• What needs to be done:
Please output the data below exactly as given, starting at its first line and stopping after the line that contains "#8 clamp (221,294,454,433)".

Dataset entries:
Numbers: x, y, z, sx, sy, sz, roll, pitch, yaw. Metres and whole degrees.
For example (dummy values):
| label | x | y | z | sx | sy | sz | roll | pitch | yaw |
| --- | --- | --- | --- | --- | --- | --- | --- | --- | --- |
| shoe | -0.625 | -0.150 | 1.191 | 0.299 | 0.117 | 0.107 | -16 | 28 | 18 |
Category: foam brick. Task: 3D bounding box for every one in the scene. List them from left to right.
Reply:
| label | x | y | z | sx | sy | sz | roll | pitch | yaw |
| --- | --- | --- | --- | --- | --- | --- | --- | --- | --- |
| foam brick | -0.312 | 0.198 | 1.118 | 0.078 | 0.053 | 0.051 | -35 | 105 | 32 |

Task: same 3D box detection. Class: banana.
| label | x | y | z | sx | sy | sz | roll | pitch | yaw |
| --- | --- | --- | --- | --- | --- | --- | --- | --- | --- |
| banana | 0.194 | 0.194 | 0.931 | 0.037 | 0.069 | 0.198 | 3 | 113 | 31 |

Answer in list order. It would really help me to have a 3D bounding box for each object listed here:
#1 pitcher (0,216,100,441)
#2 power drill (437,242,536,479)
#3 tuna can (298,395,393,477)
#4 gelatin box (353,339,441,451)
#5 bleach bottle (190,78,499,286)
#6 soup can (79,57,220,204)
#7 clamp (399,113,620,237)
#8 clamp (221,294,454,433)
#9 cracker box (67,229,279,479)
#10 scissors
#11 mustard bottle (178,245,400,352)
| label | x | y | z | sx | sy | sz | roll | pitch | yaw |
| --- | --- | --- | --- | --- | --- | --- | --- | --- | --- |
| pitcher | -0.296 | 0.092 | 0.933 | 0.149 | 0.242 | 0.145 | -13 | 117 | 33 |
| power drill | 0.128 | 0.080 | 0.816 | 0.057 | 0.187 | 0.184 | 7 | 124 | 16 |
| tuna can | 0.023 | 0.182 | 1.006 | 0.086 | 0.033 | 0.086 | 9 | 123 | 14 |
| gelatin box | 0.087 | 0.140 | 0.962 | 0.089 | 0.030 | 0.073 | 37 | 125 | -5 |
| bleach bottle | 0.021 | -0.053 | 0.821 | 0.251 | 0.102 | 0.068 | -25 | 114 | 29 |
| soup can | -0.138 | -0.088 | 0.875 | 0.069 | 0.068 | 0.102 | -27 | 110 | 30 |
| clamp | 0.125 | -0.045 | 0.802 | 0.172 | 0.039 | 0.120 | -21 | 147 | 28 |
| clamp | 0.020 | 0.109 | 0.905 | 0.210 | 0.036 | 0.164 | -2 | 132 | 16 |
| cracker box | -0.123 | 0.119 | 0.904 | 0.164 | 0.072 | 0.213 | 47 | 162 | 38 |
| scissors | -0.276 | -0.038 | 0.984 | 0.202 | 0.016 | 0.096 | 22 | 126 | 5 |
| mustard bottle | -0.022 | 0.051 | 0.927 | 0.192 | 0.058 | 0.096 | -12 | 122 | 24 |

• Solution to this task:
Numbers: x, y, z, sx, sy, sz, roll, pitch, yaw. Metres and whole degrees.
For example (dummy values):
| label | x | y | z | sx | sy | sz | roll | pitch | yaw |
| --- | --- | --- | --- | --- | --- | --- | --- | --- | --- |
| shoe | -0.625 | -0.150 | 1.191 | 0.299 | 0.117 | 0.107 | -16 | 28 | 18 |
Category: foam brick. Task: 3D bounding box for every one in the scene. List them from left to right.
Reply:
| label | x | y | z | sx | sy | sz | roll | pitch | yaw |
| --- | --- | --- | --- | --- | --- | --- | --- | --- | --- |
| foam brick | -0.312 | 0.198 | 1.118 | 0.078 | 0.053 | 0.051 | -35 | 105 | 32 |

Task: same 3D box detection. Class: banana.
| label | x | y | z | sx | sy | sz | roll | pitch | yaw |
| --- | --- | --- | --- | --- | --- | --- | --- | --- | --- |
| banana | 0.194 | 0.194 | 0.931 | 0.037 | 0.069 | 0.198 | 3 | 113 | 31 |

Answer in list order. It would really help me to have a 3D bounding box for each object listed here:
#1 pitcher (0,216,100,441)
#2 power drill (437,242,536,479)
#3 tuna can (298,395,393,477)
#4 gelatin box (353,339,441,451)
#5 bleach bottle (190,78,499,286)
#6 soup can (79,57,220,204)
#7 clamp (399,113,620,237)
#8 clamp (221,294,454,433)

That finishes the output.